Macro levantó la vista hacia la fila de legionarios que estaban a la espera de asignación.

– ¡El siguiente! A medida que iba pasando el día, la larga hilera de reemplazos se fue reduciendo lentamente al tiempo que las listas de nombres en los pergaminos de Cato se hicieron más largas. El proceso no se terminó hasta última hora de la tarde cuando, bajo la luz de la lámpara, Cato cotejó sus listas con el recuento que había mandado el cuartel general de la octava legión para asegurarse de que no se hubiera omitido ningún nombre. Dicho sea en su honor, Macro había compensado las cifras de manera que cada legión obtenía unos reemplazos proporcionales a sus bajas. Pero los mejores soldados se destinaron a la segunda legión.

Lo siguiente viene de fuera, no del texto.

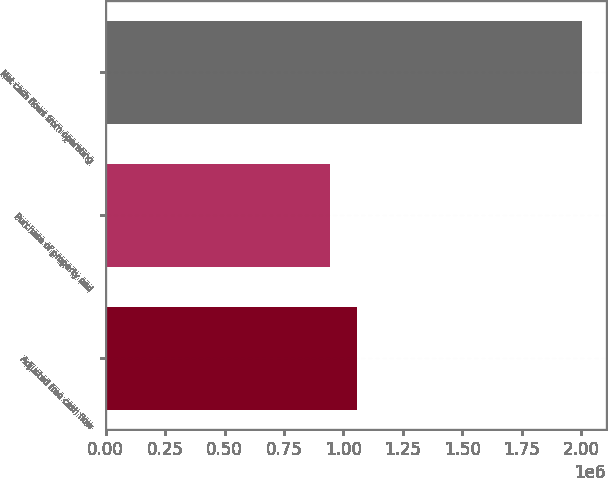<chart> <loc_0><loc_0><loc_500><loc_500><bar_chart><fcel>Adjusted free cash flow<fcel>Purchase of property and<fcel>Net cash flows from operating<nl><fcel>1.05838e+06<fcel>945334<fcel>2.00372e+06<nl></chart> 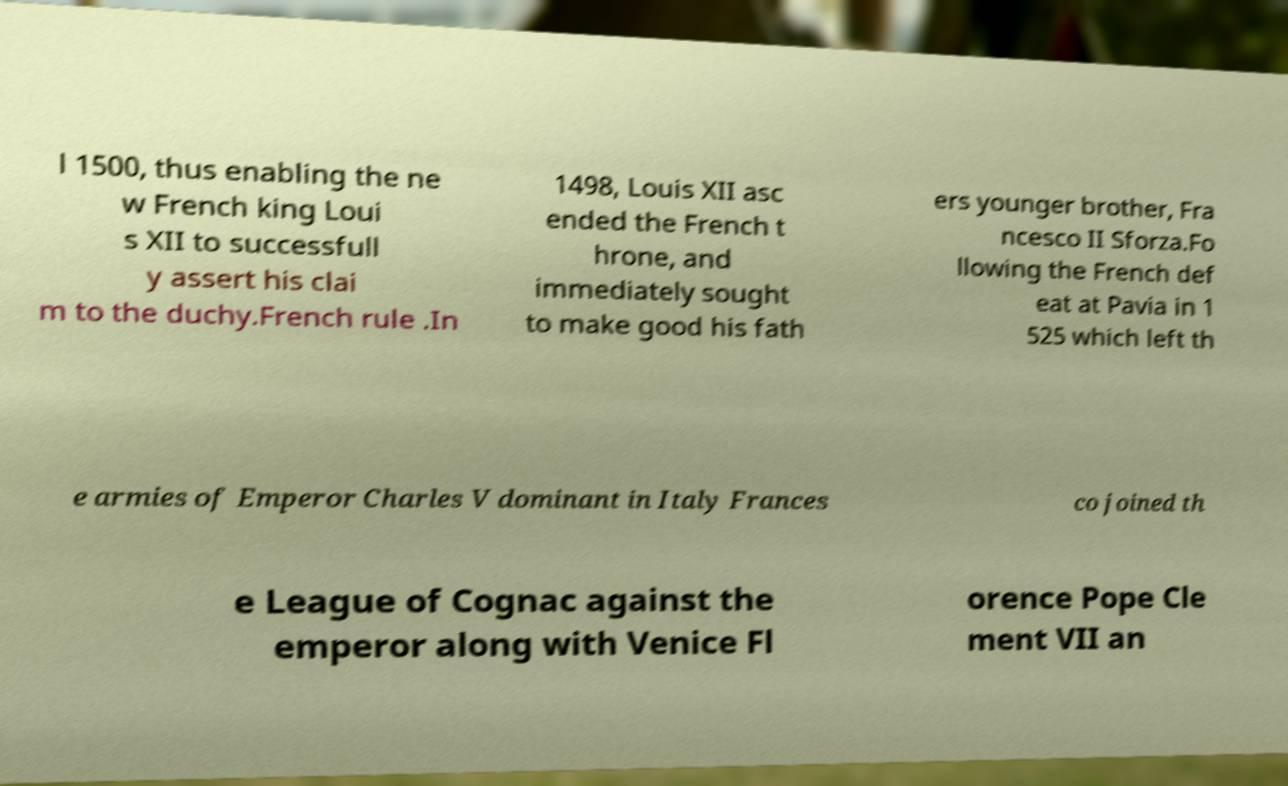Could you assist in decoding the text presented in this image and type it out clearly? l 1500, thus enabling the ne w French king Loui s XII to successfull y assert his clai m to the duchy.French rule .In 1498, Louis XII asc ended the French t hrone, and immediately sought to make good his fath ers younger brother, Fra ncesco II Sforza.Fo llowing the French def eat at Pavia in 1 525 which left th e armies of Emperor Charles V dominant in Italy Frances co joined th e League of Cognac against the emperor along with Venice Fl orence Pope Cle ment VII an

A la mañana siguiente Cato se levantó al clarear el día e hizo que cuatro hombres de su centuria reunieran a los reemplazos de cada legión y los alojaran en las unidades que les habían sido asignadas para que así se acostumbraran a su nuevo destino lo antes posible. Macro se entretuvo yendo al cuartel general para ver qué pasaba con los equipos de los reemplazos. De algún modo las solicitudes se habían traspapelado y un administrativo había ido a buscarlas, dejando al centurión sentado en uno de los bancos alineados en la entrada del cuartel general. Mientras esperaba, Macro empezó a sentirse como un cliente rastrero que esperara a su patrocinador en Roma y se revolvió enojado en el banco hasta que al final no pudo aguantar más. Al irrumpir en la tienda se encontró con que el administrativo estaba de vuelta en su escritorio y tenía las solicitudes a un lado.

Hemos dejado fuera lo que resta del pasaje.